WORK TO BE COMPLETED:
Your transcription must include every record word for word and no pictures.

MATERIALS PROVIDED:
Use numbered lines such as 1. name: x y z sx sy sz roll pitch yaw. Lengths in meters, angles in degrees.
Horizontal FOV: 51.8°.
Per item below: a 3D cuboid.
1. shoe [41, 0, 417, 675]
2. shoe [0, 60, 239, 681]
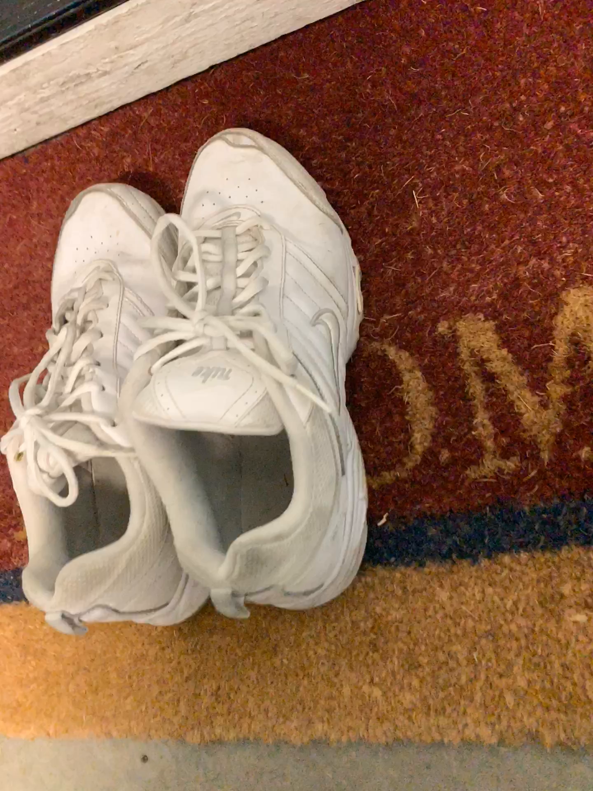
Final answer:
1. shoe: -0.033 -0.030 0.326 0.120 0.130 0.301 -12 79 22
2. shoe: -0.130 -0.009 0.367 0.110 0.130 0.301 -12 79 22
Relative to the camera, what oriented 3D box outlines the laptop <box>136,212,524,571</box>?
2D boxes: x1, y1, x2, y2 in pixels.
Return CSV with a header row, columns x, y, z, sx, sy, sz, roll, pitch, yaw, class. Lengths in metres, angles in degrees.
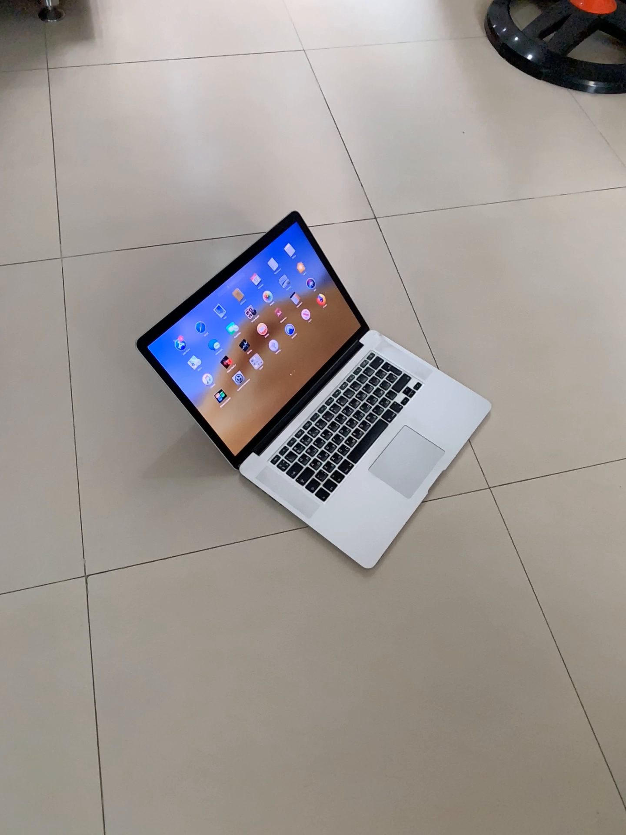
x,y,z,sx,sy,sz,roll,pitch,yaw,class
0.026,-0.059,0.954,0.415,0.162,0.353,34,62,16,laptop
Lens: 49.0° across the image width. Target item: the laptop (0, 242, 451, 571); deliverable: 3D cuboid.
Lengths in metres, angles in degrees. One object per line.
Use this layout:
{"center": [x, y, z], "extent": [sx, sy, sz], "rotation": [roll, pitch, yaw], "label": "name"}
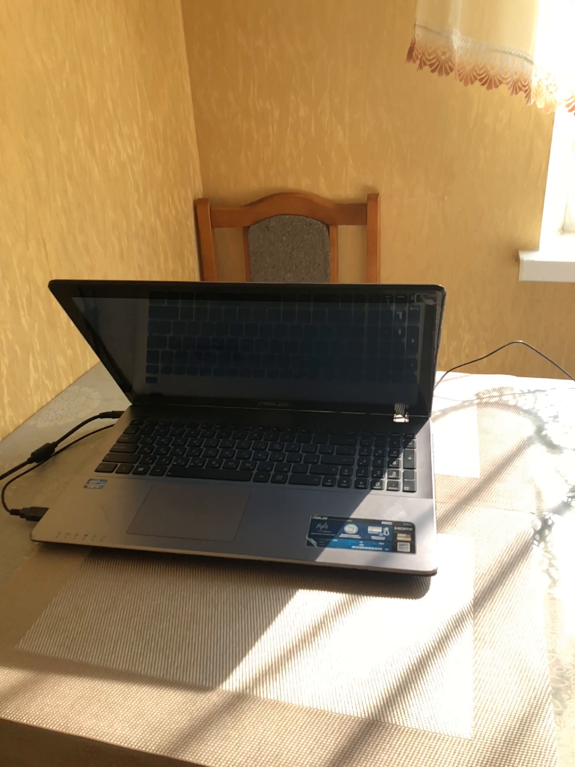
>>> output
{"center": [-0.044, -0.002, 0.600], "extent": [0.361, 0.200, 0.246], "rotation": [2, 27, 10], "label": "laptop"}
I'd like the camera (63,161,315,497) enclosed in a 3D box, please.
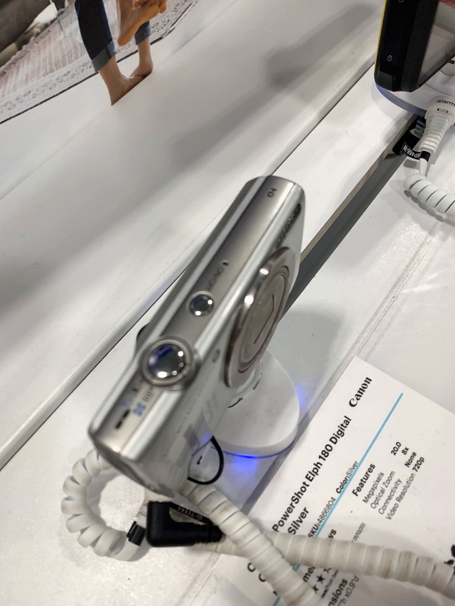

THE ANSWER:
Use numbered lines such as 1. name: x y z sx sy sz roll pitch yaw. Lengths in meters, angles in degrees.
Horizontal FOV: 51.8°.
Per item below: a 3D cuboid.
1. shoe [41, 0, 417, 675]
2. shoe [0, 60, 239, 681]
Final answer:
1. shoe: -0.033 -0.030 0.326 0.120 0.130 0.301 -12 79 22
2. shoe: -0.130 -0.009 0.367 0.110 0.130 0.301 -12 79 22
Relative to the camera, what oriented 3D box outlines the laptop <box>136,212,524,571</box>?
2D boxes: x1, y1, x2, y2 in pixels.
Return CSV with a header row, columns x, y, z, sx, sy, sz, roll, pitch, yaw, class. Lengths in metres, angles in degrees.
x,y,z,sx,sy,sz,roll,pitch,yaw,class
0.026,-0.059,0.954,0.415,0.162,0.353,34,62,16,laptop
Lens: 49.0° across the image width. Target item: the laptop (0, 242, 451, 571); deliverable: 3D cuboid.
Lengths in metres, angles in degrees. One object per line.
Use this layout:
{"center": [x, y, z], "extent": [sx, sy, sz], "rotation": [roll, pitch, yaw], "label": "name"}
>>> output
{"center": [-0.044, -0.002, 0.600], "extent": [0.361, 0.200, 0.246], "rotation": [2, 27, 10], "label": "laptop"}
I'd like the camera (63,161,315,497) enclosed in a 3D box, please.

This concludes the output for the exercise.